[[ The data, beginning ]]

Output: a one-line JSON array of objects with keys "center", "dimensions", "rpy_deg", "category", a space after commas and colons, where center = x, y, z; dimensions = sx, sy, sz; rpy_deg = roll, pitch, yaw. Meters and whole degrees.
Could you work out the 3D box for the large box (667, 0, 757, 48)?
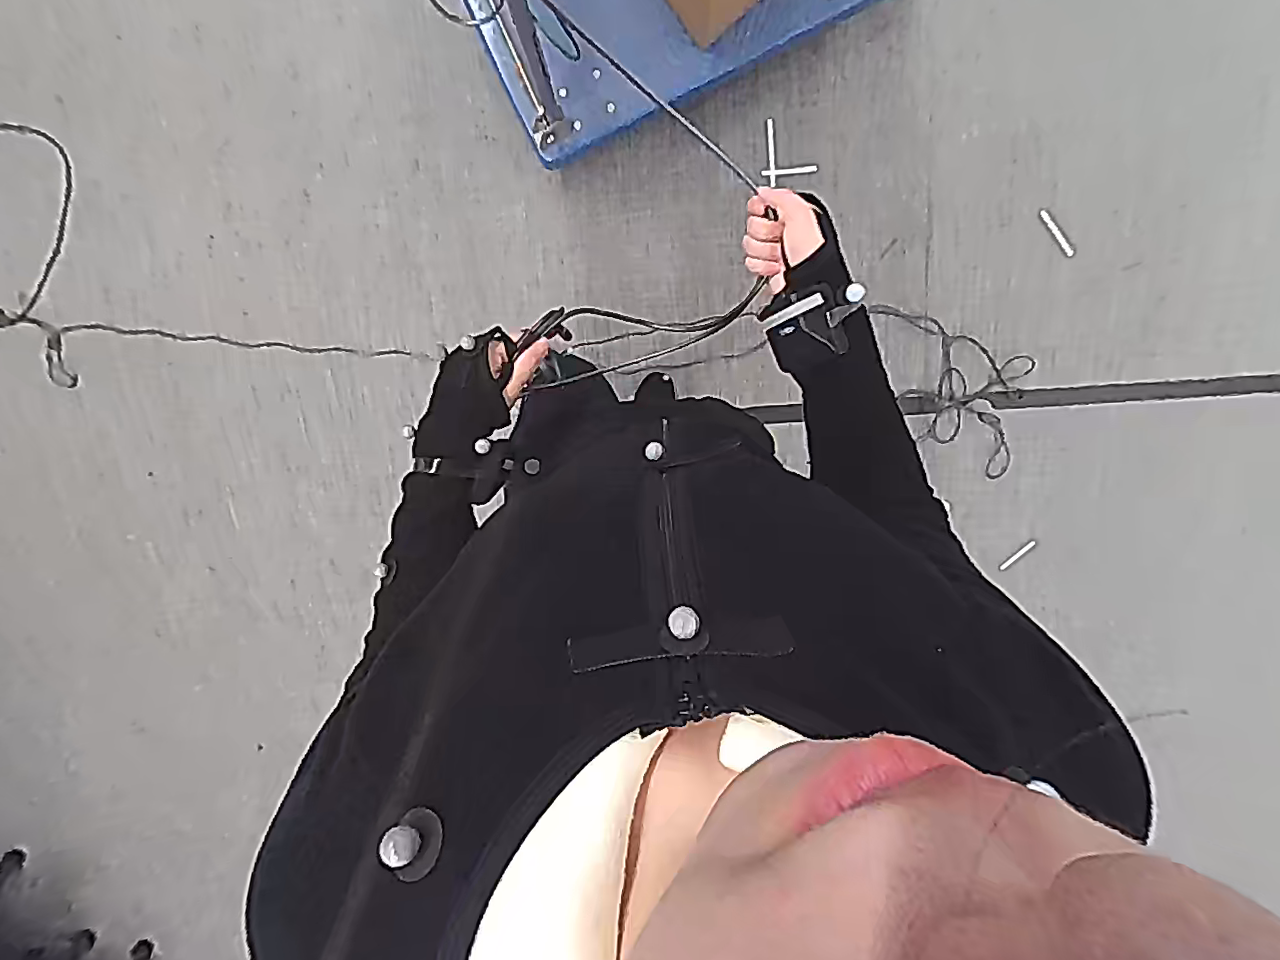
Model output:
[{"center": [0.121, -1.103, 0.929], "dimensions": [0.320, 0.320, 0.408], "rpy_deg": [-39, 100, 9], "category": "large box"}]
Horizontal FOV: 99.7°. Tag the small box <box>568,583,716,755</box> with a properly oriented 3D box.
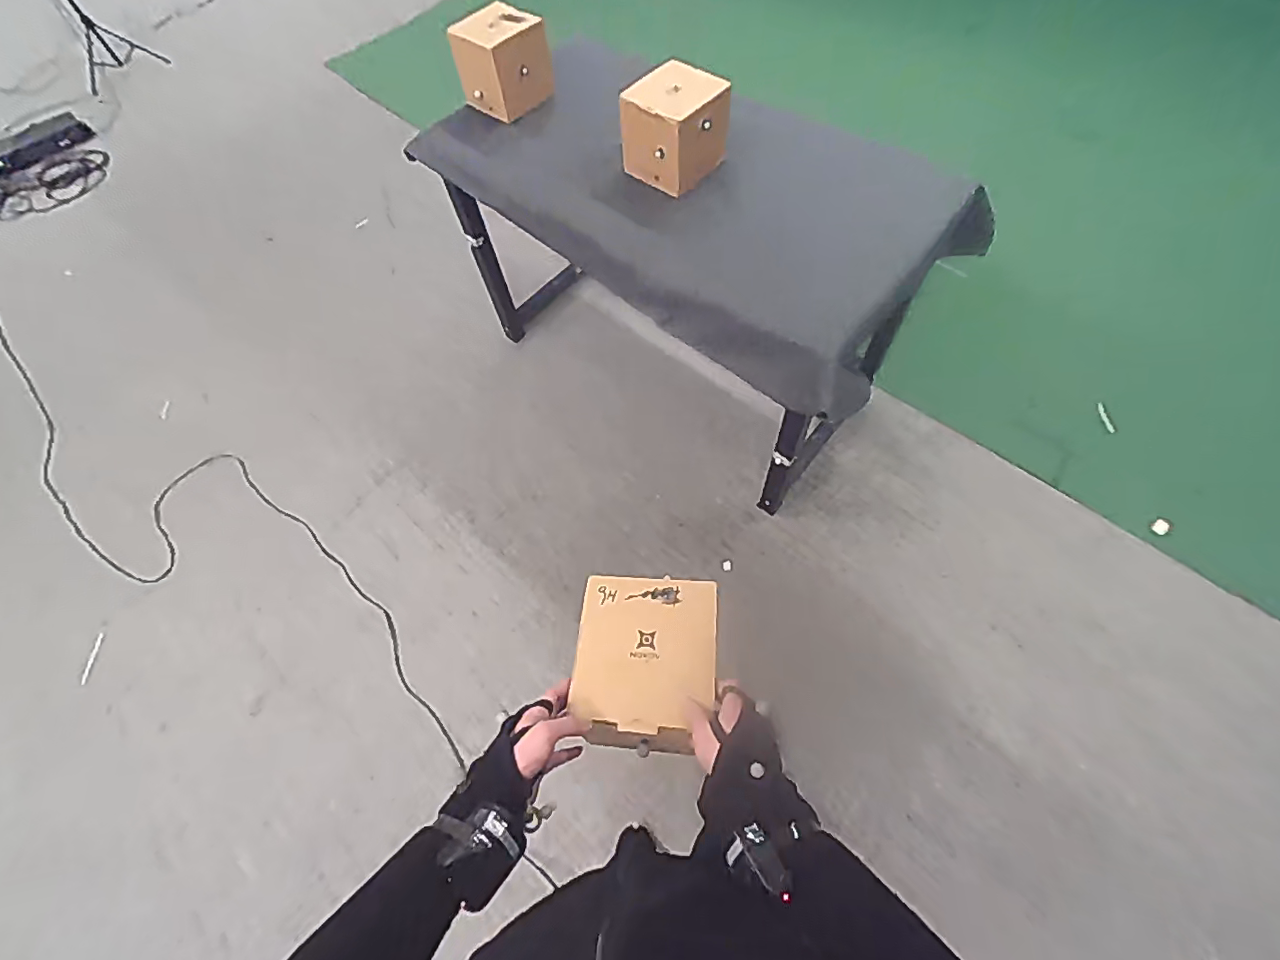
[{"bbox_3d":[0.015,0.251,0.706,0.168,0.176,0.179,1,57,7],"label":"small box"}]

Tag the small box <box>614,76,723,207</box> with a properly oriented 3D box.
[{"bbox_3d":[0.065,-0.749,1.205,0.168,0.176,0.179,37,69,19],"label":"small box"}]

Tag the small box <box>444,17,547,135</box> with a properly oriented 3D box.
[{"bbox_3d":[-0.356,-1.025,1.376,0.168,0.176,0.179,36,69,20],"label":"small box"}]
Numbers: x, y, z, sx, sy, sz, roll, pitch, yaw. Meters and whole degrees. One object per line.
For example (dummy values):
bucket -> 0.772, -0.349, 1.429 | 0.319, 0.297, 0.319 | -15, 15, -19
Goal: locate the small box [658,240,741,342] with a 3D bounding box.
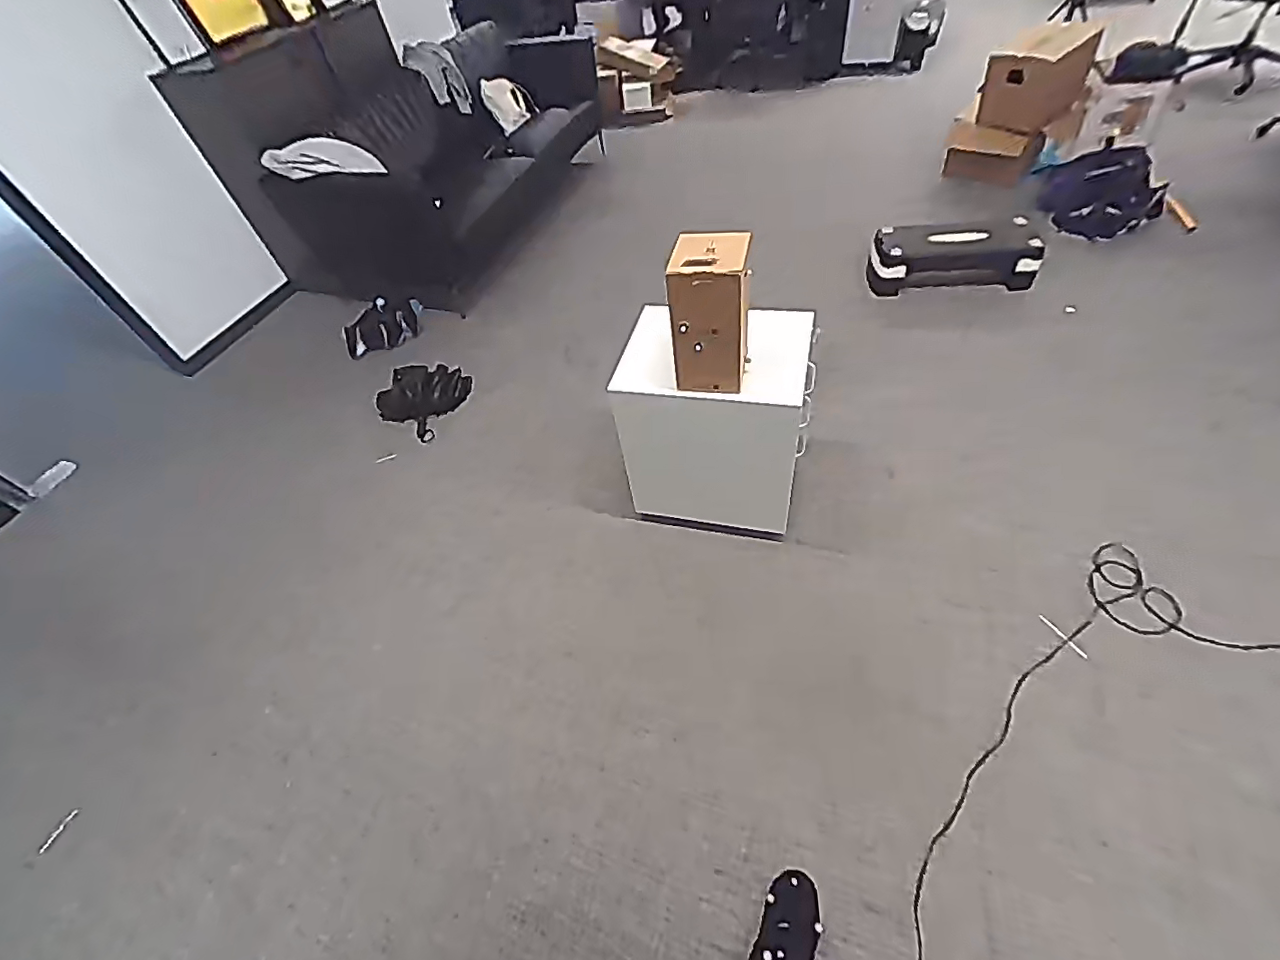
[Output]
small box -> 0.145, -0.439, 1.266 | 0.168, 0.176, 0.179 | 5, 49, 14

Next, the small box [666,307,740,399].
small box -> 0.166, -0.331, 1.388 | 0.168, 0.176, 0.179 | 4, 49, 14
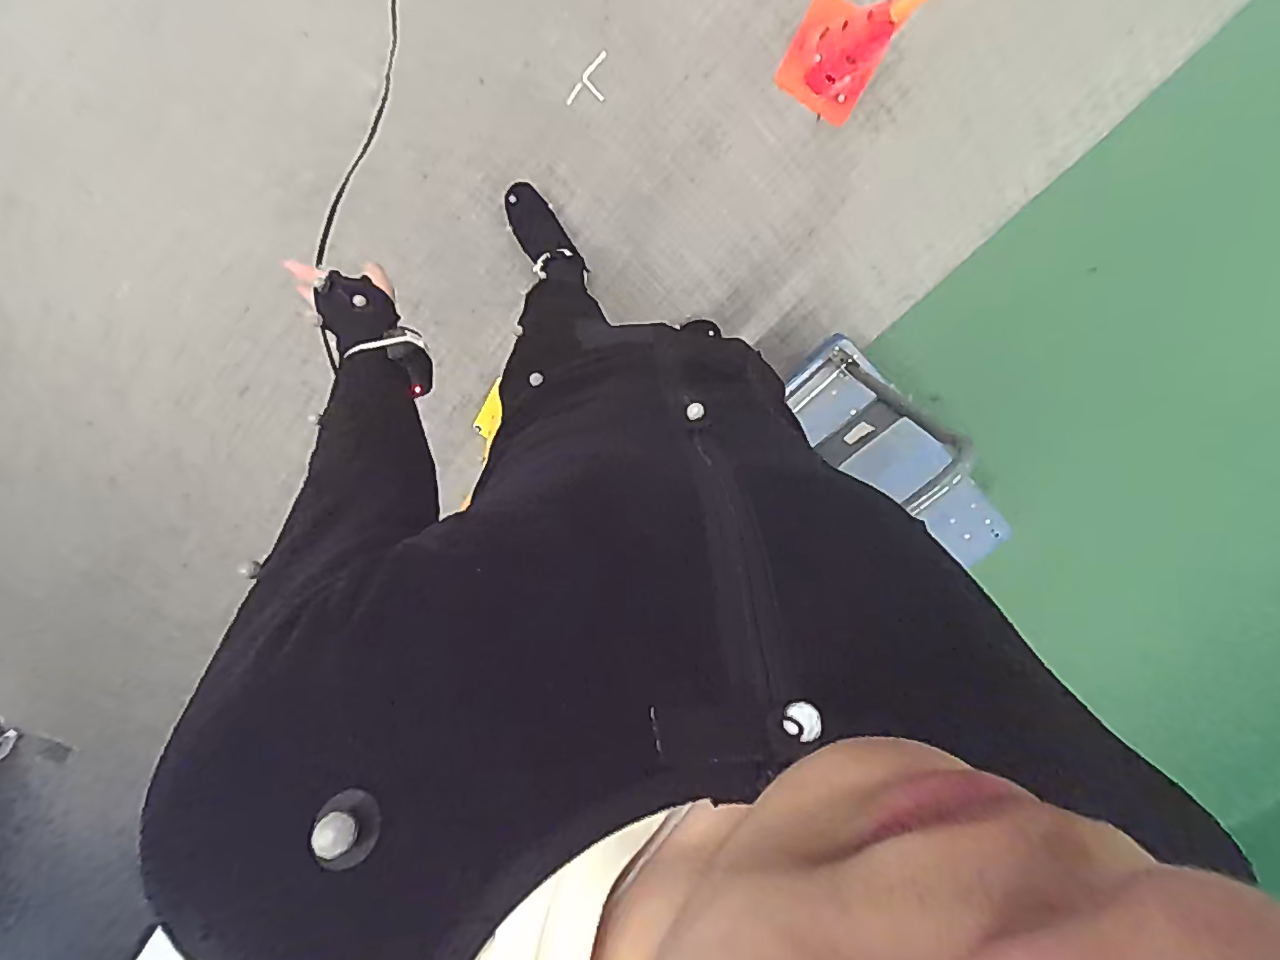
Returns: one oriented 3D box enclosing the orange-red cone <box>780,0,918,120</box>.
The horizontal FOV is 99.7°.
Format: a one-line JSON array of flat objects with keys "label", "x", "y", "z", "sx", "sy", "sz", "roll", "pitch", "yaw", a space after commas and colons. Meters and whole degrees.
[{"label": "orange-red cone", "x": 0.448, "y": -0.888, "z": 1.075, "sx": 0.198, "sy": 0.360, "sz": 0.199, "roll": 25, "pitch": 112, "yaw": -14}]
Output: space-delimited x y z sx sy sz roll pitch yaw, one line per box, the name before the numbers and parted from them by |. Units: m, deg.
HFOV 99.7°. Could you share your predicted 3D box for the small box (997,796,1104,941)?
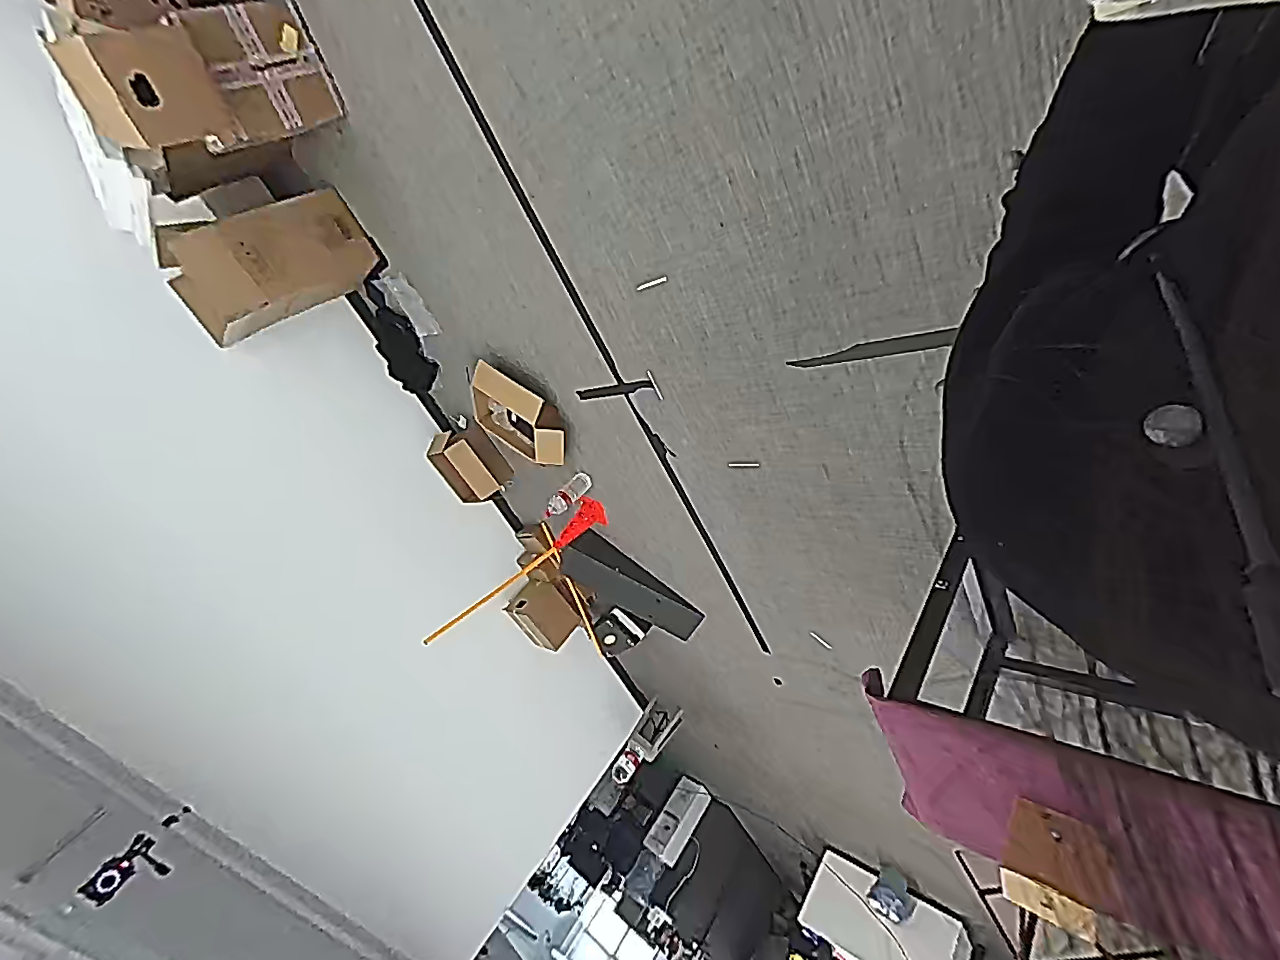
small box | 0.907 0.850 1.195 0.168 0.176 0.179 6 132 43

[[ The data, end ]]

> The problem: Please quote the records above exactly, beginning at the line that contains "The horizontal FOV is 99.7°." and ending at their last line. Leave the pictures out.

> Solution to the problem:
The horizontal FOV is 99.7°.
Format: a one-line JSON array of flat objects with keys "label", "x", "y", "z", "sx", "sy", "sz", "roll", "pitch", "yaw", a space after commas and colons. Meters and whole degrees.
[{"label": "orange-red cone", "x": 0.448, "y": -0.888, "z": 1.075, "sx": 0.198, "sy": 0.360, "sz": 0.199, "roll": 25, "pitch": 112, "yaw": -14}]
Output: space-delimited x y z sx sy sz roll pitch yaw, one line per box, the name before the numbers and parted from them by |. Units: m, deg.
HFOV 99.7°. Could you share your predicted 3D box for the small box (997,796,1104,941)?
small box | 0.907 0.850 1.195 0.168 0.176 0.179 6 132 43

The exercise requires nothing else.